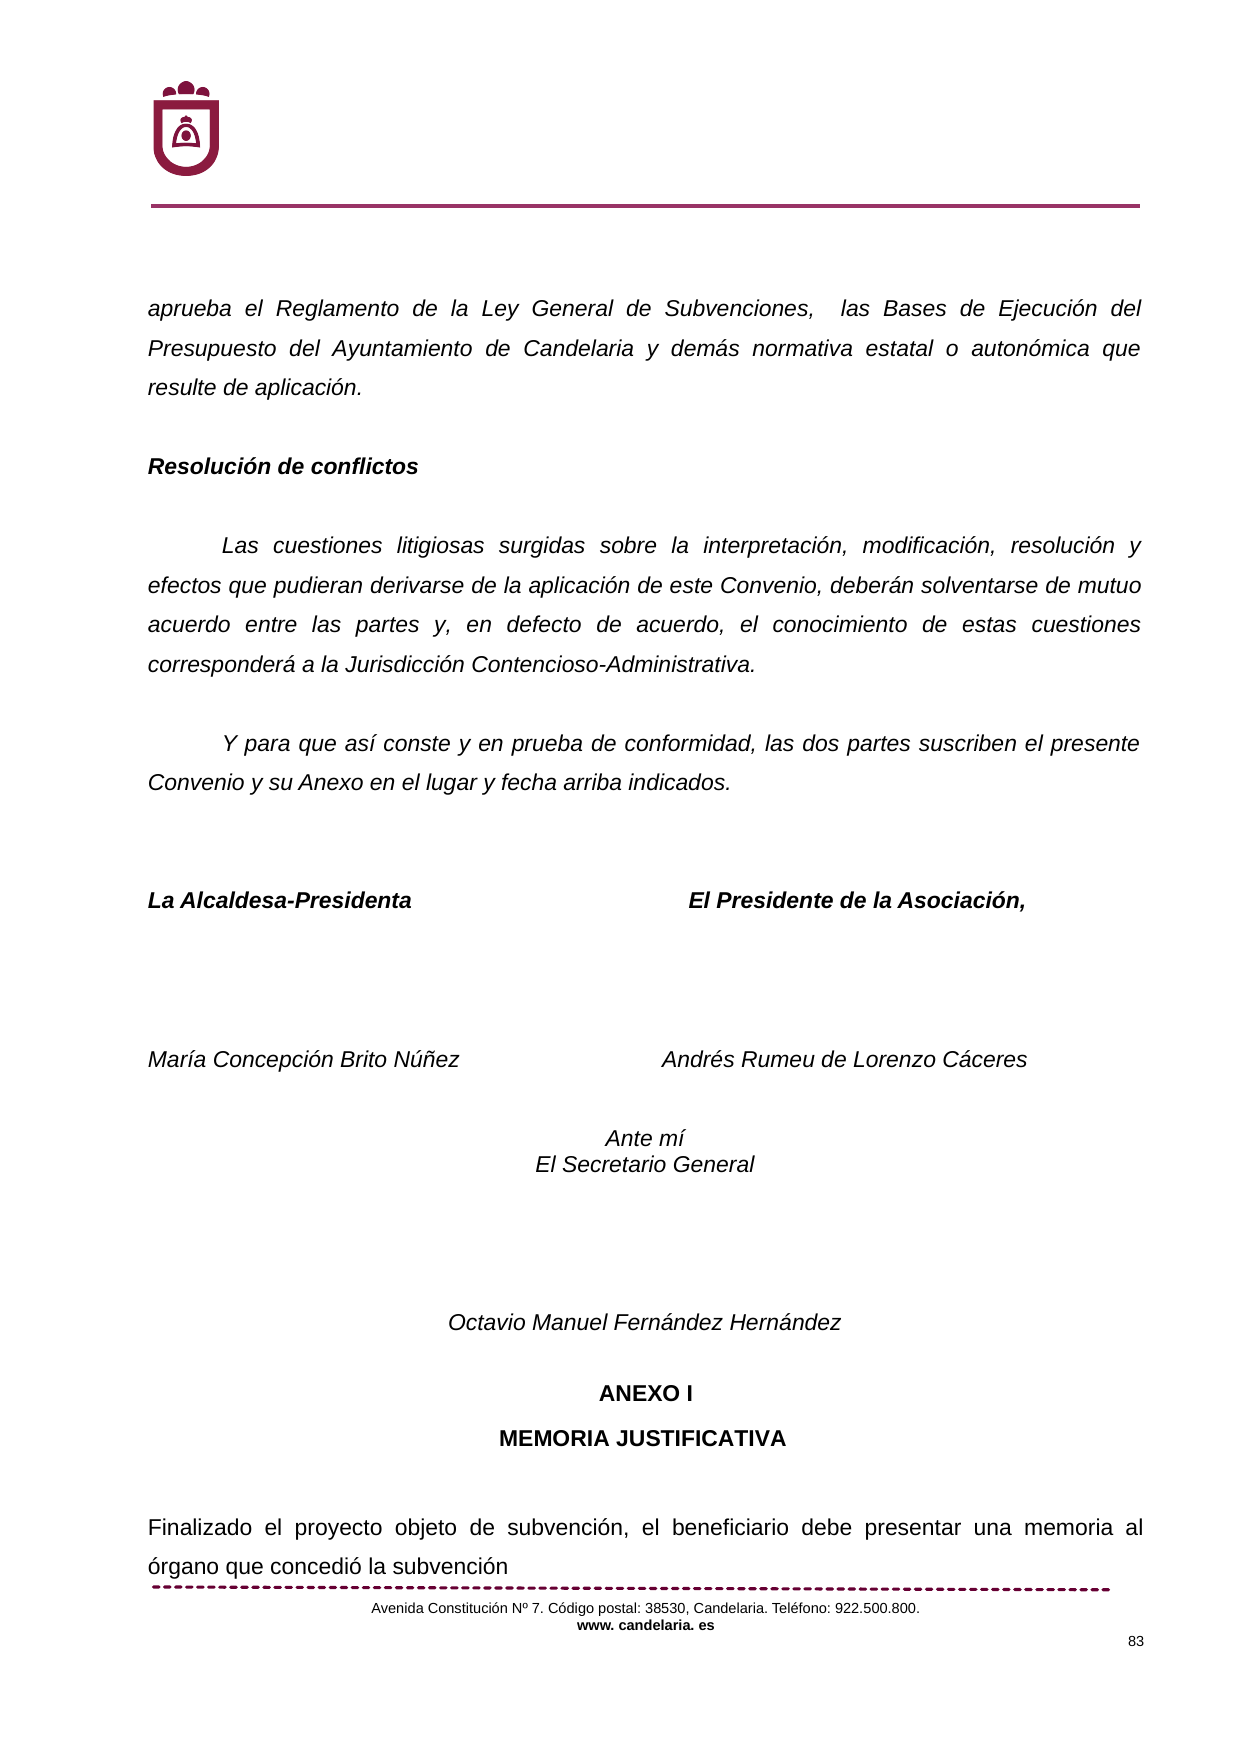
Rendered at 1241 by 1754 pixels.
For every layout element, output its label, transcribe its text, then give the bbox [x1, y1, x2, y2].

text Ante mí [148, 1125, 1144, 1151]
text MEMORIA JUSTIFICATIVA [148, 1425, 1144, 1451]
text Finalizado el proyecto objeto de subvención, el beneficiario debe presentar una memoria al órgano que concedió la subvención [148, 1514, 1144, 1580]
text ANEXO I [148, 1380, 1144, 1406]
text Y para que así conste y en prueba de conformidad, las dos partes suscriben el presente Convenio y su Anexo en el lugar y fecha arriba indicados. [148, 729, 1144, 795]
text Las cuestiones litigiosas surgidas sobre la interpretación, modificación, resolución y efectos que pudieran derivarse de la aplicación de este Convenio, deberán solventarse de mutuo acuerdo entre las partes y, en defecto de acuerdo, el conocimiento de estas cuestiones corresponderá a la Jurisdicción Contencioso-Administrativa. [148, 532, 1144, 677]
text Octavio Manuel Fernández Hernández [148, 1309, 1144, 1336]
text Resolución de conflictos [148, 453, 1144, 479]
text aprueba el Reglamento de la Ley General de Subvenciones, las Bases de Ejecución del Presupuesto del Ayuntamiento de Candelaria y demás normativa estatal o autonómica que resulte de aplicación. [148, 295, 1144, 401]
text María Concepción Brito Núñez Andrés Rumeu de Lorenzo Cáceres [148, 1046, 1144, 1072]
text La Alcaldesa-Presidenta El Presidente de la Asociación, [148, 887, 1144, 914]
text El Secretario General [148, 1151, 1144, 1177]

_What to work on_. Wherever a picture appears in the data, please drop it and retype the rest exactly.

_Task solution_.
Rendered at 1241 by 1754 pixels.
For every layout element, output its label, transcribe its text, then give the bbox [x1, y1, x2, y2].

text Ante mí [148, 1125, 1144, 1151]
text MEMORIA JUSTIFICATIVA [148, 1425, 1144, 1451]
text Finalizado el proyecto objeto de subvención, el beneficiario debe presentar una memoria al órgano que concedió la subvención [148, 1514, 1144, 1580]
text ANEXO I [148, 1380, 1144, 1406]
text Y para que así conste y en prueba de conformidad, las dos partes suscriben el presente Convenio y su Anexo en el lugar y fecha arriba indicados. [148, 729, 1144, 795]
text Las cuestiones litigiosas surgidas sobre la interpretación, modificación, resolución y efectos que pudieran derivarse de la aplicación de este Convenio, deberán solventarse de mutuo acuerdo entre las partes y, en defecto de acuerdo, el conocimiento de estas cuestiones corresponderá a la Jurisdicción Contencioso-Administrativa. [148, 532, 1144, 677]
text Octavio Manuel Fernández Hernández [148, 1309, 1144, 1336]
text Resolución de conflictos [148, 453, 1144, 479]
text aprueba el Reglamento de la Ley General de Subvenciones, las Bases de Ejecución del Presupuesto del Ayuntamiento de Candelaria y demás normativa estatal o autonómica que resulte de aplicación. [148, 295, 1144, 401]
text María Concepción Brito Núñez Andrés Rumeu de Lorenzo Cáceres [148, 1046, 1144, 1072]
text La Alcaldesa-Presidenta El Presidente de la Asociación, [148, 887, 1144, 914]
text El Secretario General [148, 1151, 1144, 1177]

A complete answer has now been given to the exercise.